The success of the scheme is reflected in the figures: as of midnight on 24 May, we are told that the scheme had been used by 1 million employers, protecting around 8.4 million jobs with a total claim value of around £15 billion.  With the scheme now extended to the end of October, the cost is expected to be around £80 billion pounds.

We are told that this will be the last extension but the withdrawal is more gradual than many had feared and it seems that the government hopes that the support withdrawal will be mirrored by business recovery.

So, what are the different elements of the extended scheme?

Firstly we have the flexible furloughing scheme, which has been addressed in a separate article https://www.ashfords.co.uk/news-and-media/general/flexible-furlough-scheme-the-next-phase-of-the-coronavirus-job-retention-scheme.  The other main element is the gradual withdrawal of government support mirrored by the increasing contribution by employers towards their workforce costs.

Under the changes, furloughed workers will continue to get  at least 80% of pay until the end of October, but, by then, a fifth of their salary will have to be met by their employer.

The current grant level will continue in July, but from August, the level of grant will be slowly tapered – the idea being that this reflects people returning to work.  The following table sets out the relevant contributions for each month.
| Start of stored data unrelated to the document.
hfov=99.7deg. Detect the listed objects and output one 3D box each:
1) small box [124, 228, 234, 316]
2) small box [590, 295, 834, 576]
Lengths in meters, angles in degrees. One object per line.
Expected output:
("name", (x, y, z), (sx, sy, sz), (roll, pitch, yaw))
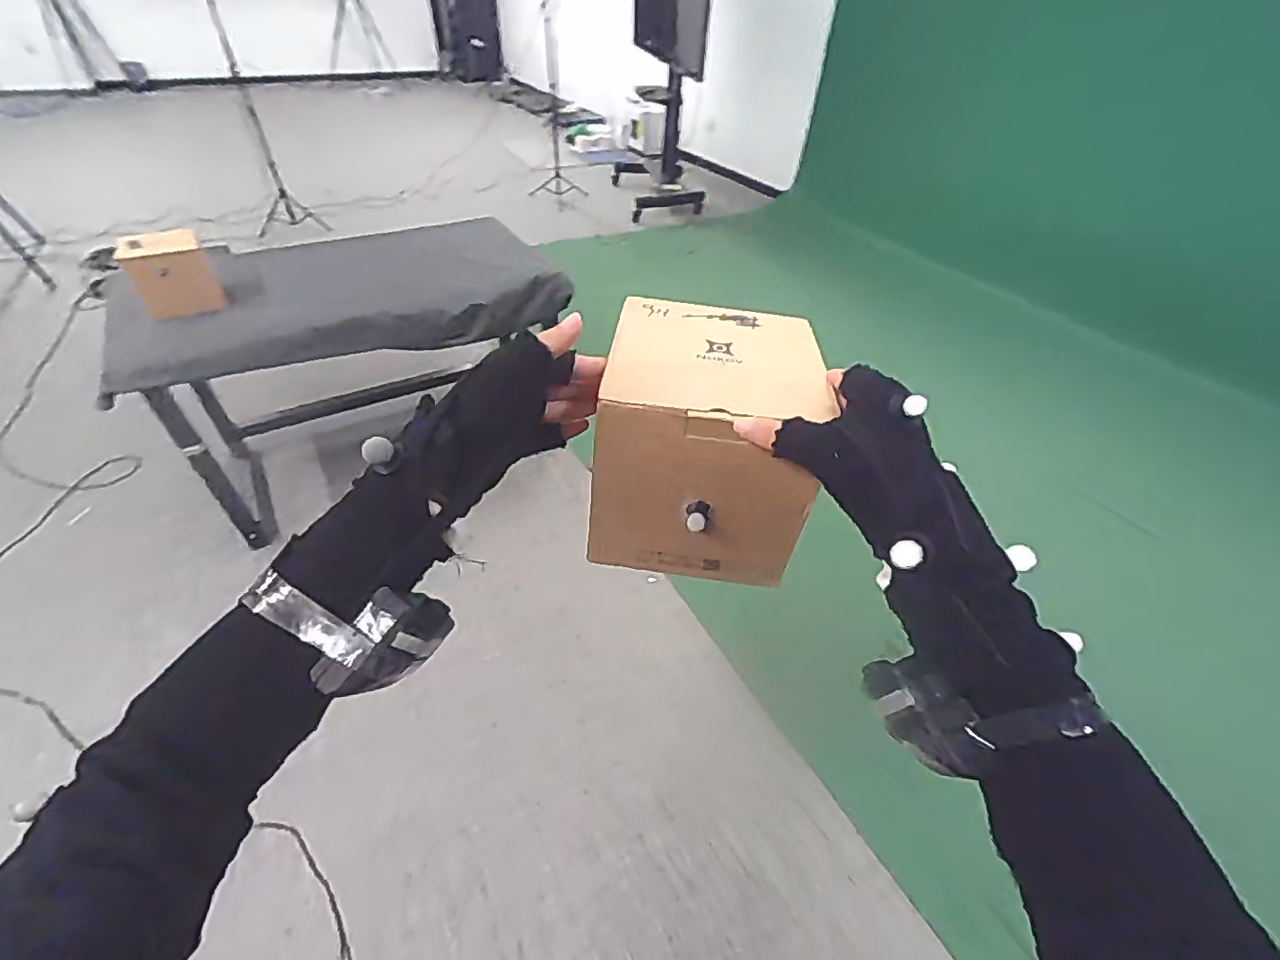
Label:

In each month, employers will need to be mindful of the interaction of these contributions with the new flexible furlough scheme.  Where an employee is working part time under the flexible furlough scheme, the applicable grant and cap will be reduced in proportion to the hours not worked. So, for example, in September, where an employee remains furloughed for 40% of his usual hours, the employer would be able to claim the grant for up to 40% of the cap for that month (i.e up to £875). 


Employers’ next steps

Employers should urgently consider how these changes to the CJRS will affect their businesses, and the practical implications for return to work planning.
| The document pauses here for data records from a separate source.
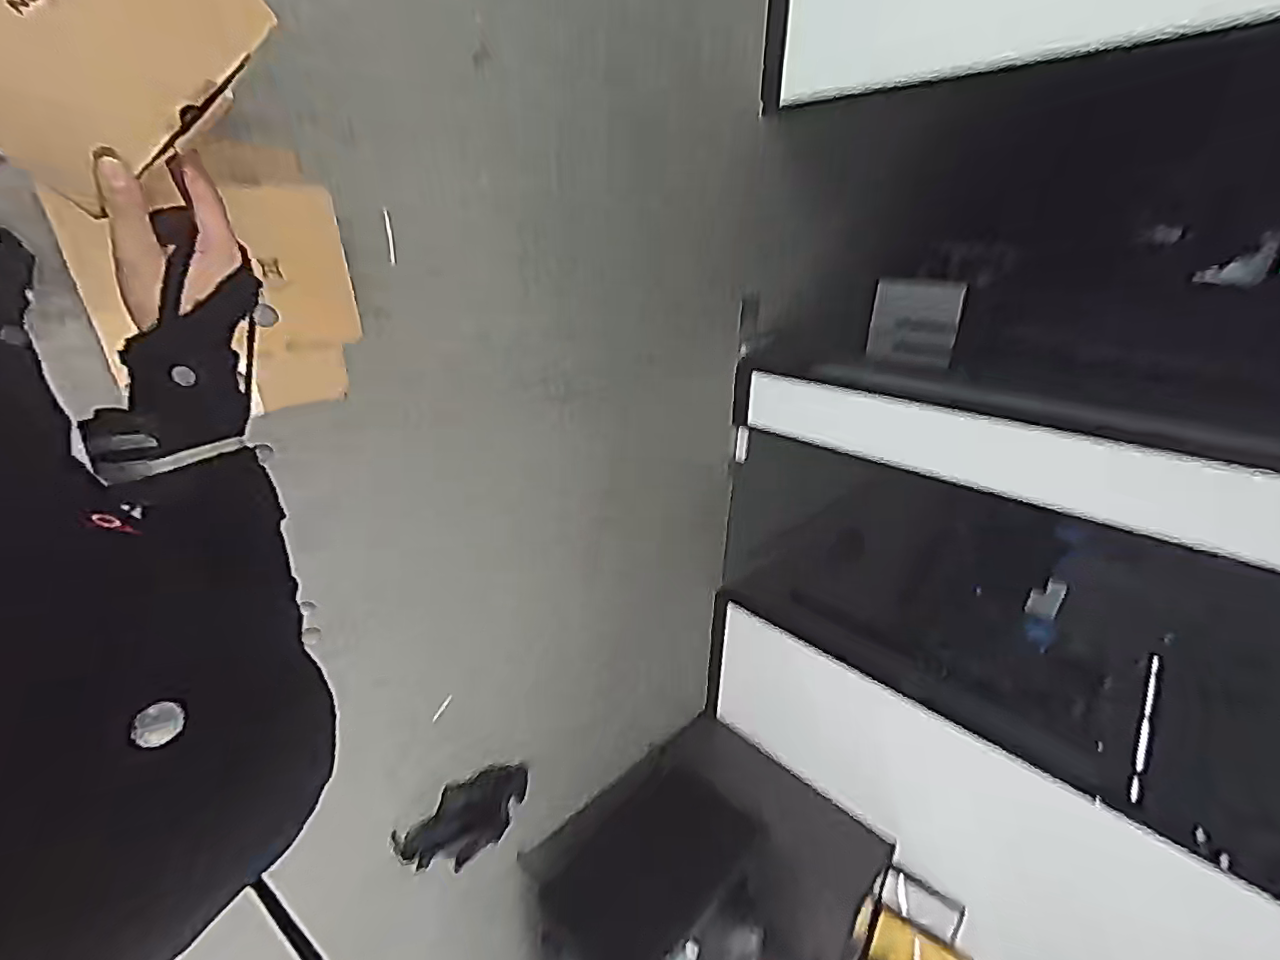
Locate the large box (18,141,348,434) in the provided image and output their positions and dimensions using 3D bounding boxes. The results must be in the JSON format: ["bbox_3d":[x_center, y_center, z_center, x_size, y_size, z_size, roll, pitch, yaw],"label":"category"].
[{"bbox_3d":[-0.763,-0.339,0.929,0.320,0.320,0.408,-23,124,-39],"label":"large box"}]

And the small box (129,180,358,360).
[{"bbox_3d":[-0.474,-0.256,0.653,0.168,0.176,0.179,-24,125,-40],"label":"small box"}]

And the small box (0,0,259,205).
[{"bbox_3d":[-0.365,-0.290,0.294,0.168,0.176,0.179,-55,144,-5],"label":"small box"}]

Specifically, employers should start to think about whether you are in a position to make the contributions once the government subsidy is reduced.  If so, will you be topping up to 100% of salary or 80%?  If there is going to be a change (for example, if you are currently topping up to 100%, but with the changes, can only afford to top up to 80%), this is going to need further consultation and engagement with staff, and the obtaining of express consent from employees.

Regrettably, it may also be time to start considering whether, ultimately, you should be retaining your workforce, or starting to take steps to make redundancies.  For those employers who may be making a large number of redundancies, you will need to be mindful of “cliff edges” when employers would have had to commence a statutory collective consultation process.  These are likely to fall either 30 or 45 days (depending on employee numbers) before either employer contributions commence at the beginning of August or the CJRS ends at the end of October.


What happens next?

Asked if he would "switch the furlough scheme back on" in the case of a second peak in cases and the reintroduction of lockdown measures, the chancellor said the scheme "as it stands in a national way, in the way that it is designed" will end in October.  But does this leave scope for the scheme to be introduced in some form in the event of localised lockdowns in the future?

The other area that has been criticised is the lack of a sector specific approach to the amendments.  Many would have liked to have seen a higher level of support retained for sectors which may still be barred from doing business, such as hospitality and leisure. There is a real risk for these companies that a sudden increase in staff costs, without the ability to generate revenue, will cause a wave of redundancies and closures.  Could it be that the failure to introduce these sector specific measures indicates an intention to gradually reopen those sectors in line with the same timelines?

We await further developments as to how this return to normality will evolve, but for now at least, we have the extended scheme, allowing for flexibility in returning workers on a part time basis, and the gradual increase in employer contribution.